The UK government has acted correctly in buying vast quantities of Covid-19 vaccines.
After double vaccination of the UK population, perhaps the UK government should consider ensuring that its citizens living abroad are Covid-19 vaccinated especially those living in the EU and other vaccine deficient countries.

Many British expat pensioners are compelled to pay UK taxes and, so could be considered to be entitled to UK Covid-19 vaccination, after all, non-tax paying illegal immigrants can obtain free vaccination.

At present, the UK government gives Spain about €2000 for each of its pensioners with a SIP card.

The British government could donate some of its excess vaccines to Spain, specifying that initially the vaccines should be used to protect British expat pensioners.
Besides, the government will want to rid itself of the outdated, original vaccines in favour of the new, improved variant vaccines.

Perhaps consular and embassy staff could request vaccine donation by the UK to Spain?
In normal times, one can buy flu and other vaccines in Spanish pharmacies but this season it is impossible to purchase either flu or Covid-19 vaccines.
British expat pensioners look on with envy at the speed and efficiency of UK Covid-19 vaccination.

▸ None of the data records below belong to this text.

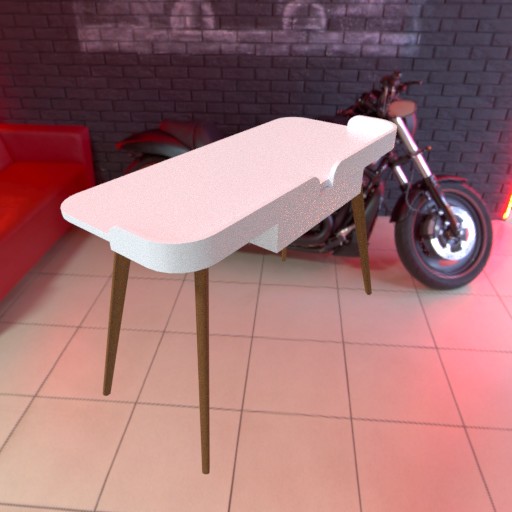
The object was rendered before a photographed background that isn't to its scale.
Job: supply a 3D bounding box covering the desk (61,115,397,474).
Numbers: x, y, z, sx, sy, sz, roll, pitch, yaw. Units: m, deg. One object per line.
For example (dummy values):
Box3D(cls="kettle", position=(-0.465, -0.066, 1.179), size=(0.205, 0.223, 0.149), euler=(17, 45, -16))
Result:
Box3D(cls="desk", position=(0.000, 0.000, 1.649), size=(0.534, 0.807, 1.206), euler=(22, 38, 31))
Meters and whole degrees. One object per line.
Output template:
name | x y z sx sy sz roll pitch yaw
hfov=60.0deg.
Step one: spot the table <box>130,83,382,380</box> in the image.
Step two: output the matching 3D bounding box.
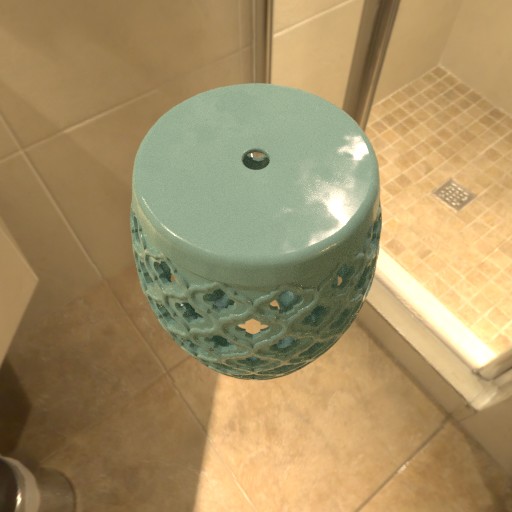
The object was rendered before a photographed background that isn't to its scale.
table | 0.000 0.000 0.632 0.325 0.388 0.325 0 58 0
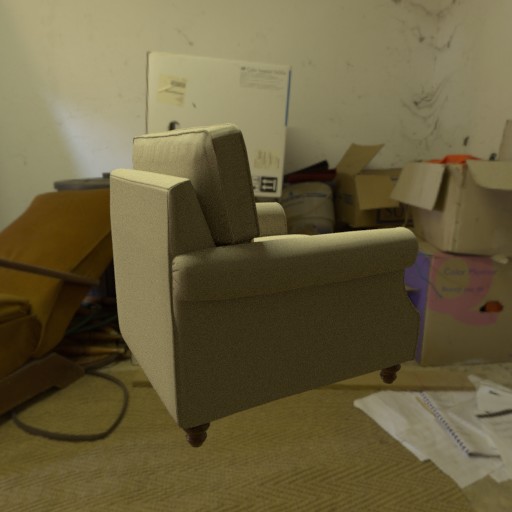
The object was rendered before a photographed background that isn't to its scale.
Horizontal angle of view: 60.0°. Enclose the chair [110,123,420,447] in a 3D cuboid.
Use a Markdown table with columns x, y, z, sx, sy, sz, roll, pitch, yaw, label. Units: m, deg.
| x | y | z | sx | sy | sz | roll | pitch | yaw | label |
| --- | --- | --- | --- | --- | --- | --- | --- | --- | --- |
| 0.000 | 0.000 | 1.764 | 0.966 | 0.967 | 1.029 | -7 | 15 | -28 | chair |
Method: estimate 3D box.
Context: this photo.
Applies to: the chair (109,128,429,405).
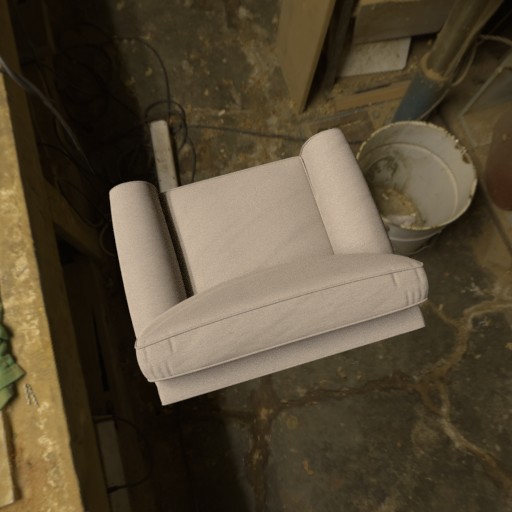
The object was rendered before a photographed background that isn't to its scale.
[{"bbox_3d":[0.000,0.000,1.931,1.135,1.017,0.988,-16,75,-4],"label":"chair"}]
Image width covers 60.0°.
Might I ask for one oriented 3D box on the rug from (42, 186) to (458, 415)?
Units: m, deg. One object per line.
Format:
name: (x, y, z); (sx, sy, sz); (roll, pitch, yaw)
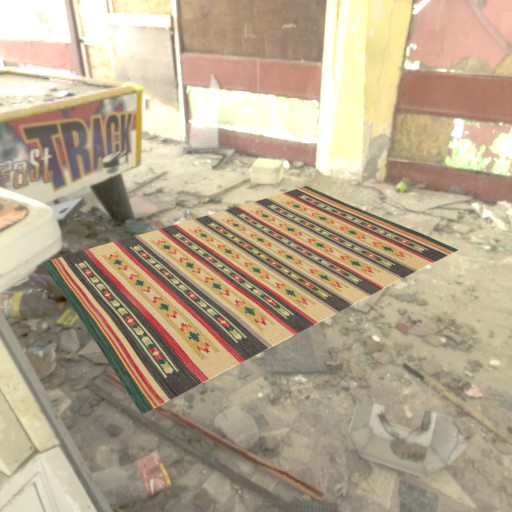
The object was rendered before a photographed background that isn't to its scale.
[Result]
rug: (0.000, 0.000, 2.937); (2.311, 0.010, 1.522); (-20, 36, -31)
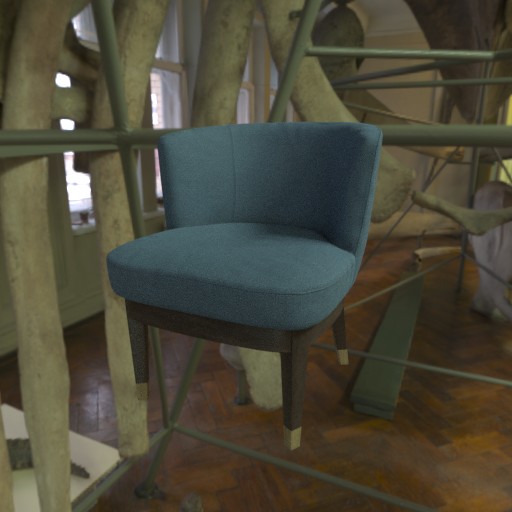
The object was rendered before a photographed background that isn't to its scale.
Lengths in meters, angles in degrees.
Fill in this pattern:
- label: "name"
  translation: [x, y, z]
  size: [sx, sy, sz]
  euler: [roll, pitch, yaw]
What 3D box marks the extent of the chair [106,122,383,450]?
- label: "chair"
  translation: [0.000, 0.000, 1.281]
  size: [0.661, 0.760, 0.702]
  euler: [7, 17, 26]

As an ex-microbiologist, I think that this is the only successful anti-Covid-19 strategy by the British government.

Their other measures have been applied too late, have been inadequate and largely unenforced.

The most successful anti-Covid 19 campaigns have occurred in dictatorial countries, island states and in countries with female controlled governments.

The island of a Great Britain should have closed access in and out of the country at the end of January 2020 whilst Covid-19 was an epidemic in Wuhan, China and relied on tried and tested public health practices rather than being influenced by computer models.

Also, early stage coercion of the public to adopt strict sanitary procedures, to wear surgical grade face masks and to use social distancing and isolation would have been advantageous.

Had the British government promptly adopted all of these measures then the numbers of Covid-19 cases and deaths would have been kept to a minimum.

However, one cannot ignore the costly consequences of obesity, bad diet, diabetes, poor physical fitness, lack of personal responsibility for health and genetic predisposition to Covid-19 of many people in the UK.